Where the line containing "Format example (made" appears, start repeating, and continue exactly through the last line below, adding nothing. Include no pictures.

[Entries taken from a collection]
=== Section Start ===
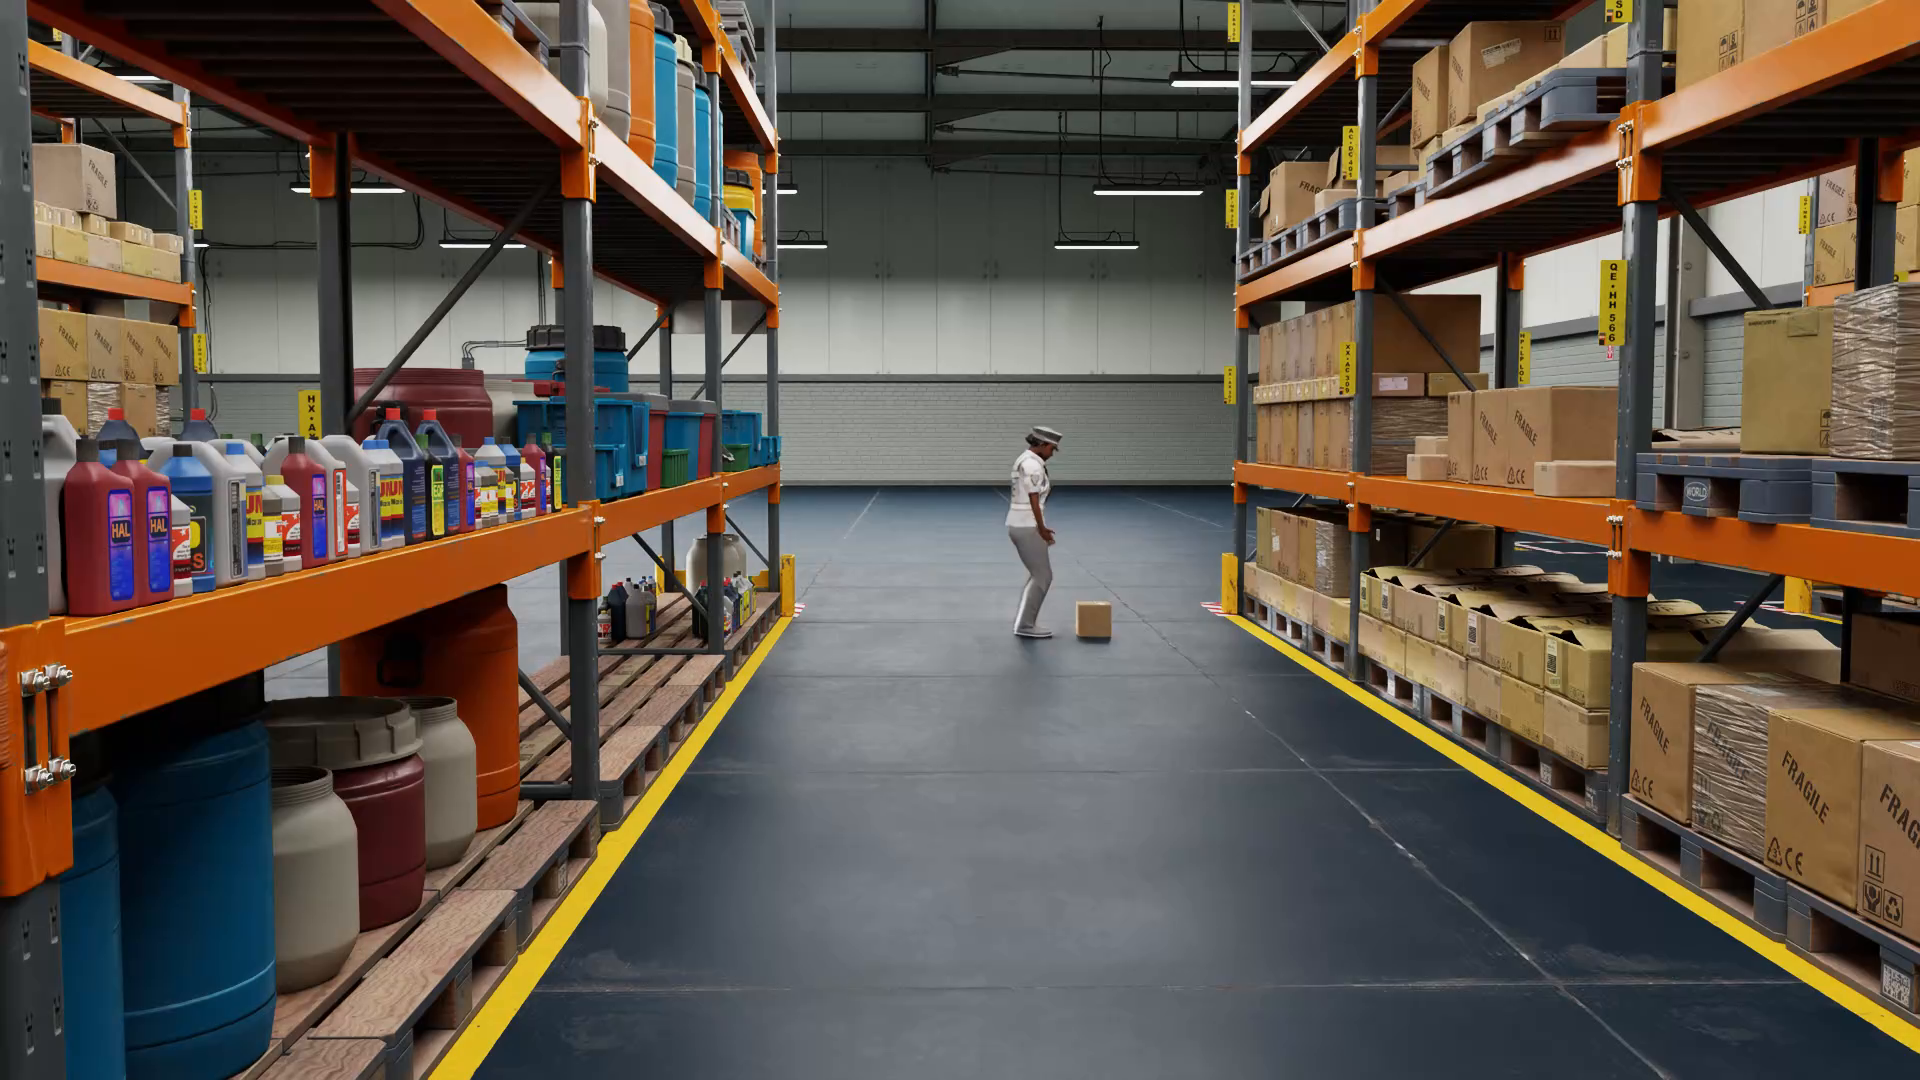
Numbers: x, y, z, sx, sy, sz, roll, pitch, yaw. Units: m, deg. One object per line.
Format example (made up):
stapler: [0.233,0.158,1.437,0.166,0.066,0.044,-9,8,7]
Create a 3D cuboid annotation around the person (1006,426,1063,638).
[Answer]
person: [0.573,-0.066,12.861,0.442,1.624,0.457,0,4,0]
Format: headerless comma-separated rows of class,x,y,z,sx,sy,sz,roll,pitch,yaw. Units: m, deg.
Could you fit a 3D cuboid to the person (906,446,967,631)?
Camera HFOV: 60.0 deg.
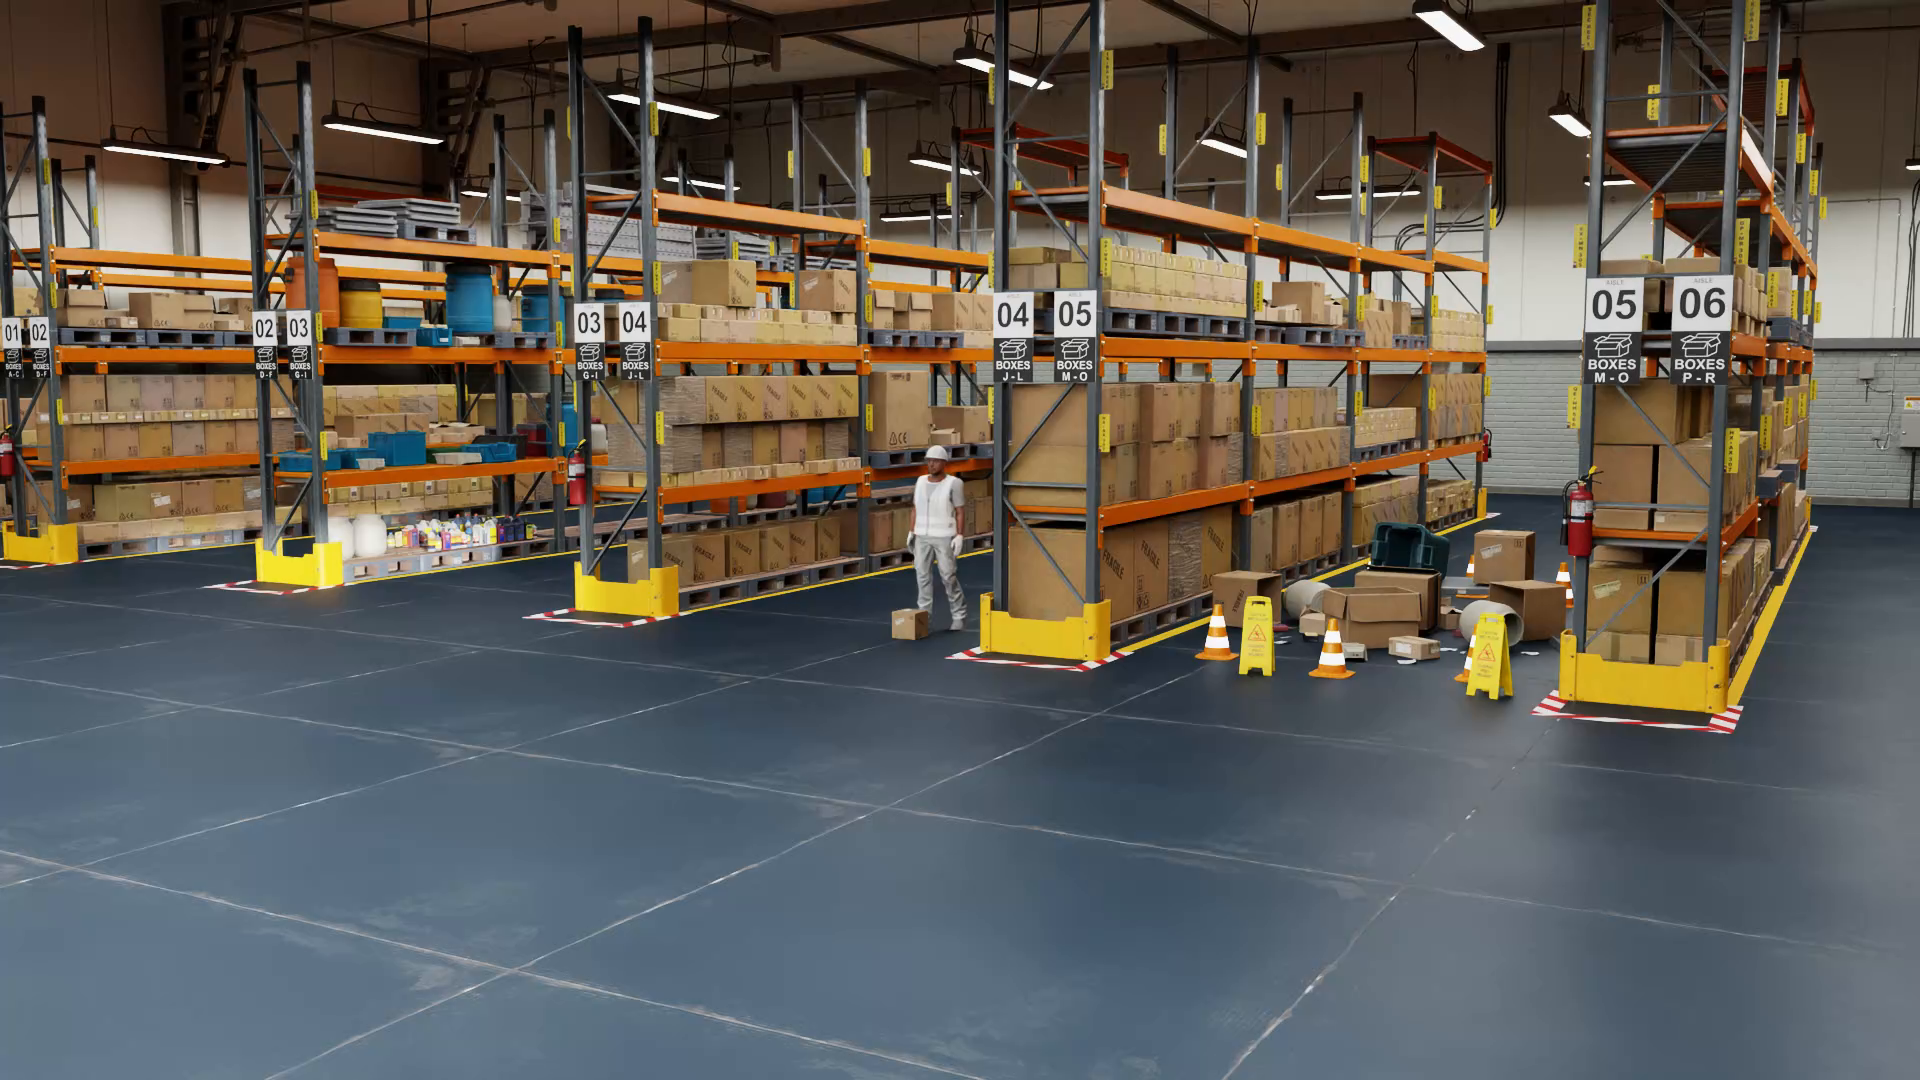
person,-0.248,-0.008,16.060,0.571,1.803,0.618,3,7,29
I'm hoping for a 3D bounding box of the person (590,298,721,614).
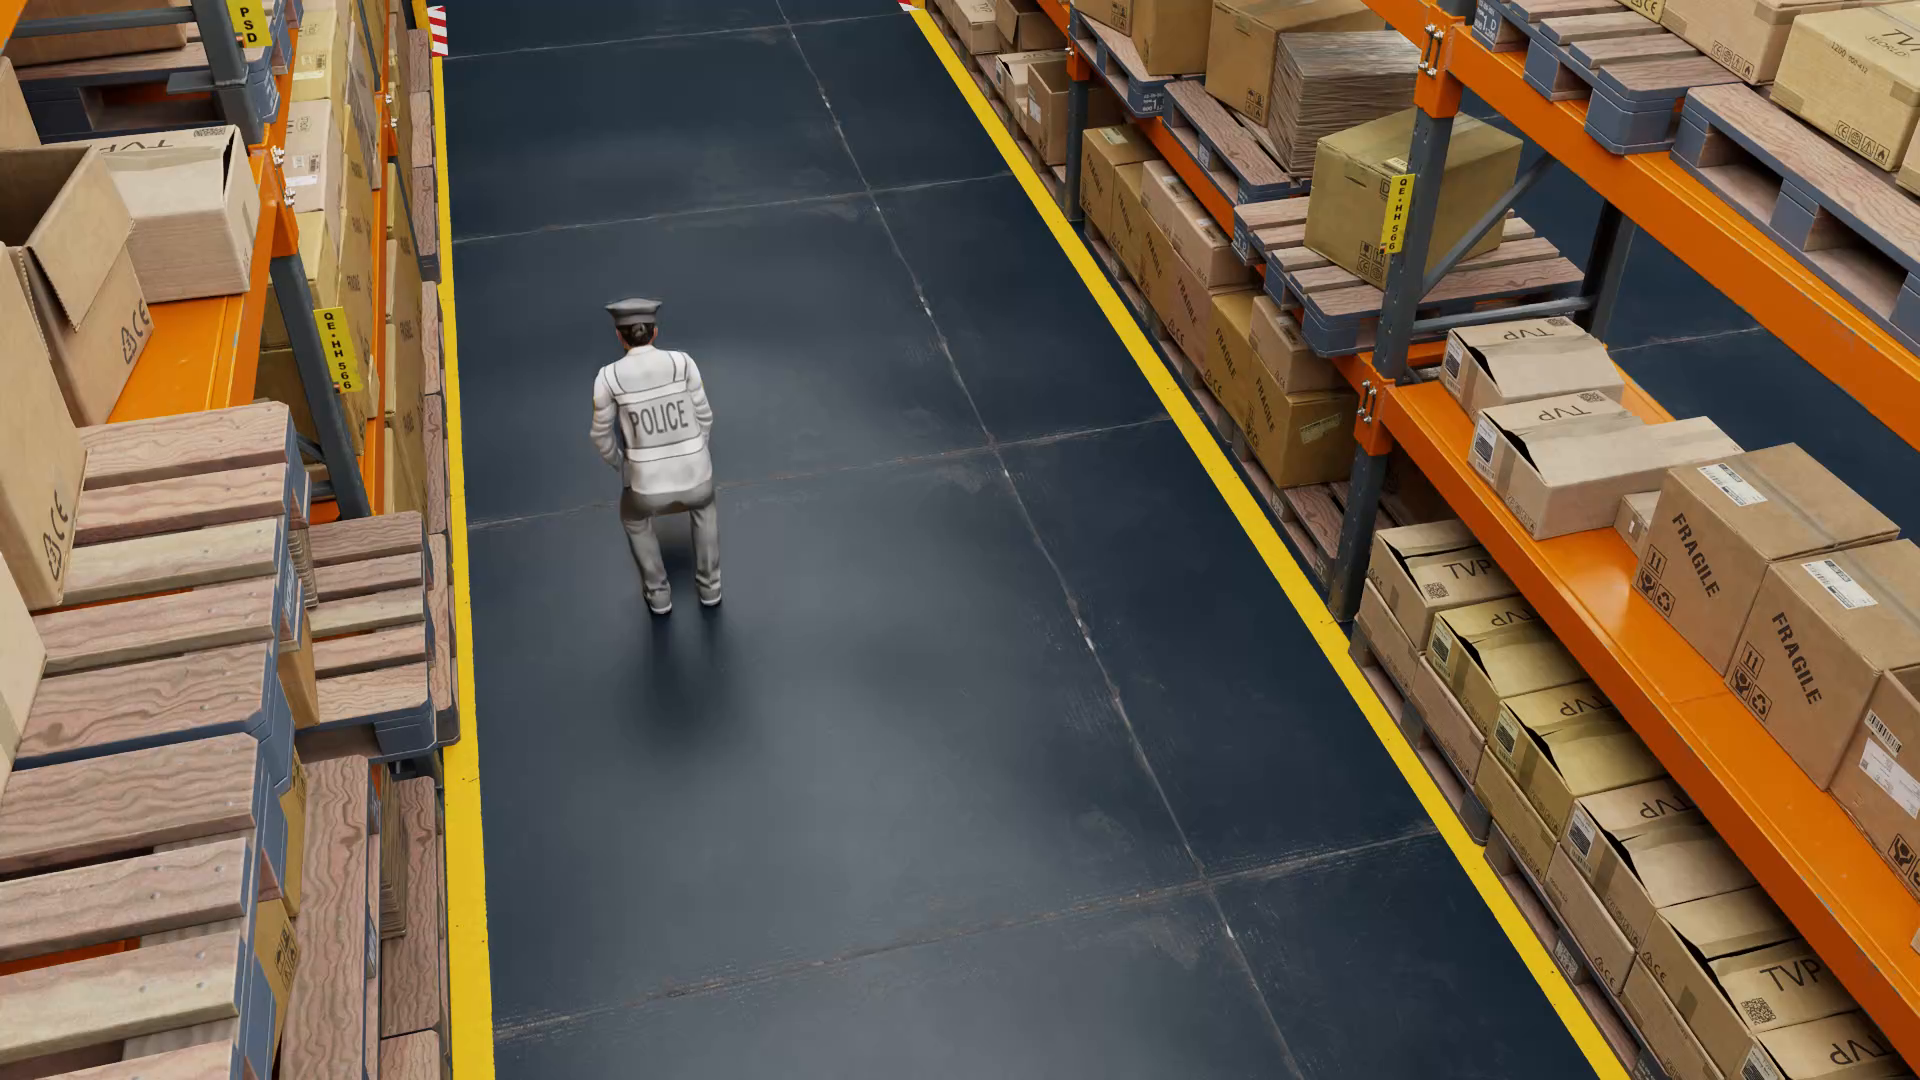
[{"bbox_3d":[-1.333,-0.344,7.324,0.533,1.455,0.654,-9,39,-11],"label":"person"}]
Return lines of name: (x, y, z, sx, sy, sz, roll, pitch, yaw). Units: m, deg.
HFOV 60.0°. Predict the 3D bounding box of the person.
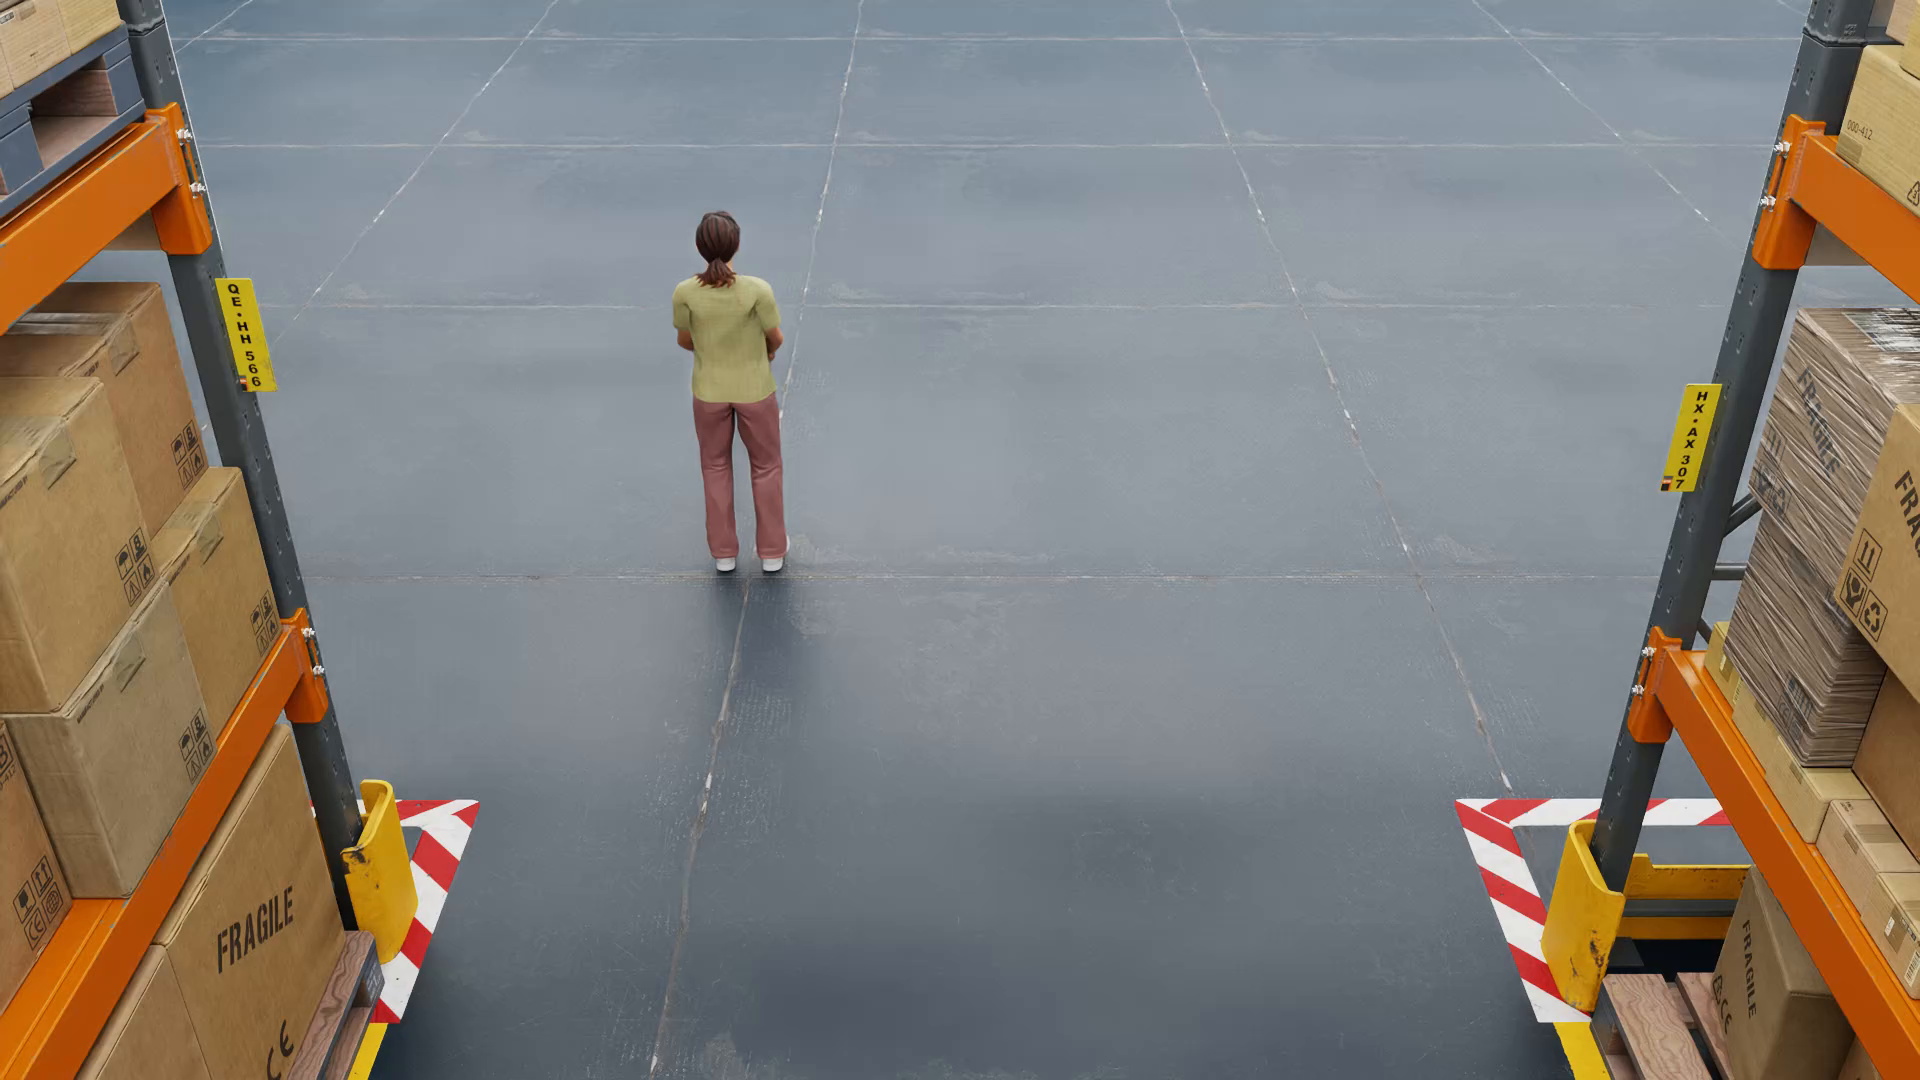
person: (-0.974, -0.655, 7.200, 0.452, 1.672, 0.523, 0, 32, -1)
=== Section End ===
**Answer box:**
Format example (made up):
stapler: [0.233,0.158,1.437,0.166,0.066,0.044,-9,8,7]
Create a 3D cuboid annotation around the person (1006,426,1063,638).
[Answer]
person: [0.573,-0.066,12.861,0.442,1.624,0.457,0,4,0]
Format: headerless comma-separated rows of class,x,y,z,sx,sy,sz,roll,pitch,yaw. Units: m, deg.
Could you fit a 3D cuboid to the person (906,446,967,631)?
Camera HFOV: 60.0 deg.
person,-0.248,-0.008,16.060,0.571,1.803,0.618,3,7,29
I'm hoping for a 3D bounding box of the person (590,298,721,614).
[{"bbox_3d":[-1.333,-0.344,7.324,0.533,1.455,0.654,-9,39,-11],"label":"person"}]
Return lines of name: (x, y, z, sx, sy, sz, roll, pitch, yaw). Units: m, deg.
HFOV 60.0°. Predict the 3D bounding box of the person.
person: (-0.974, -0.655, 7.200, 0.452, 1.672, 0.523, 0, 32, -1)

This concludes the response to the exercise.